Lake Kasumigaura in the northern are of Tokyo’s metro area has been concentrating cesium (and probably other isotopes) from the Fukushima Daiichi disaster. Various rivers run into the lake, those rivers are fed by other rivers and streams. This has turned the lake into a hot spot for contamination in the mud and sediment. Levels in the lake were as high as 5,800 Bq/kg in February. The Onagawa river that runs into the lake was found to have 13,200 Bq/kg of cesium in May. Levels gradually went up and some of the levels went back down slightly on the last round of testing leading some government officials to prematurely declare the problem to be over. Experts say the runoff into the lake is slow and sediment is greatly varied leading to readings that can show a range of readings. The river is a major source of fresh water, 960,00 people depend on it for drinking water. Fish in the lake are also being found to be over limit. Catfish and carp (both bottom dwellers) have tested over the legal limit for consumption.

This should have been expected. Radioactive contamination that falls over land will have some of it wash away with soil and debris. This will follow the natural water routes taking the contamination with.  Some have suggested opening a dam to drain down the lake but this would not solve the problem as the contamination has settled in as mud in the lake. As was found in Russia with lake Karachay, lower levels of water turn that sediment to dust that then blows around causing more problems. Any contamination that would run downstream doesn’t solve anything, it just moves the contamination somewhere else. In this case the river that drains into the Pacific, causing the river to be more contaminated and adding to the Pacific contamination.

Radiation in various freshwater fish around the region are also showing up as highly contaminated. Trout found in one river were 11,400 bq/kg of cesium

Radiation testing done soon after the start of the disaster showed that people outside the evacuation areas also had high levels of exposure. Government dose reconstructions found a woman in the north of Fukushima prefecture had an 11 mSv exposure during the early days of the disaster.

Local government staff shortages as high as 30% are hindering recovery in the north east region of Japan. This seems to be a combination of displaced residents and people unwilling to move the the heavily damaged contaminated region.

The Environment Ministry is planning on using children in Nagasaki as a control group study to compare thyroid damage to children in the Tohoku region of Japan. Information about who or how the study would be conducted was not available. There was a 2001 study of children in Nagasaki for thyroid abnormalities but the study cohort was quite small. That small study found extremely low incidence of thyroid abnormalities of about 1% or less.

Japan’s upcoming election has considerable speculation that the LDP party will take back over from the DPJ and that this will cause even more stagnation in the country. The LDP is frequently blamed with being too entrenched and unable to change, contributing to Japan’s economic problems that existed before the Fukushima crisis. An even worse potential is seen lurking among the election. Osaka’s governor Hashimoto and Tokyo’s former governor Ishihara recently teamed up for a new political party. Now they are busy talking about Japan needing nuclear weapons. Both politicians have a reputation for crazy behavior with Hashimoto going on a witch hunt for public workers with tattoos and Ishihara frequently stoking up the Senkaku Island dispute.
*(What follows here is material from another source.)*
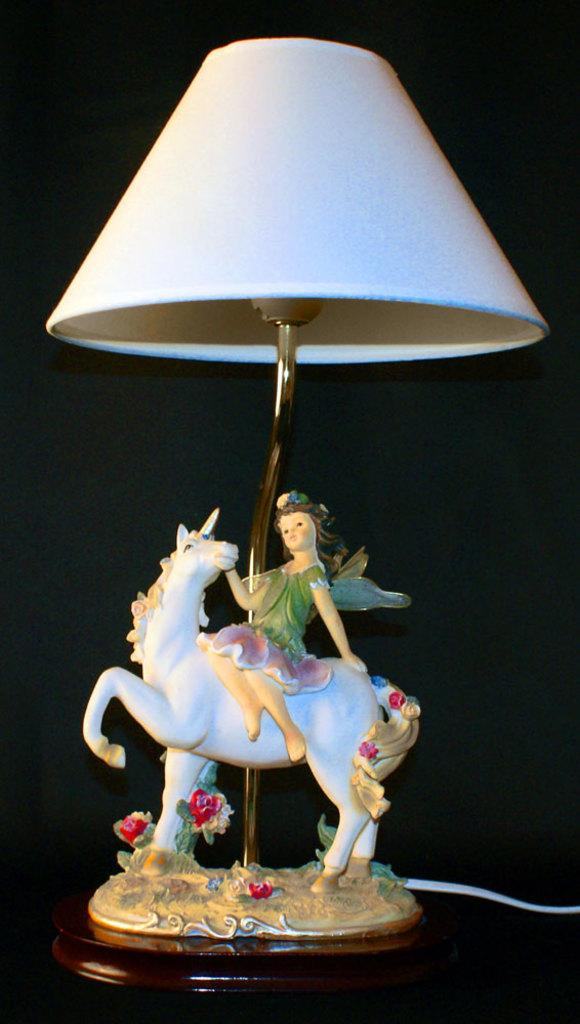What is the overall color scheme of the image? The background of the image is dark. What type of object can be seen in the image? There is a designer lamp in the image. Who is present in the image? A girl is present in the image. What type of toy is visible in the image? There is a horse toy in the image. What type of linen is draped over the horse toy in the image? There is no linen present in the image, nor is it draped over the horse toy.

Head of the Fukushima Health Survey, Dr. Yamashita has apologized for the Health Survey Committee holding secret meetings though gave no assurances anything with the health survey would change.

Kansai Electric has removed fuel from a number of their reactors indicating they don’t see them restarting any time soon. Mihama Unit 1 (121 assemblies) Unit 3  (157 assemblies), No. 1 Oi ( 193 assemblies),, and Takahama Unit 1 (157 assemblies).

Better late than never, TEPCO has admitted that March 16th, 2011 there was a considerable spike in radiation that had not been reported. At the time radiation jumped suddenly from about 20 mSv to 80 mSv over about 10 minutes. This was the same time white steam was seen pouring out of the reactor well of unit 3. TEPCO claims they do not know the cause of the two events at this point but they will investigate.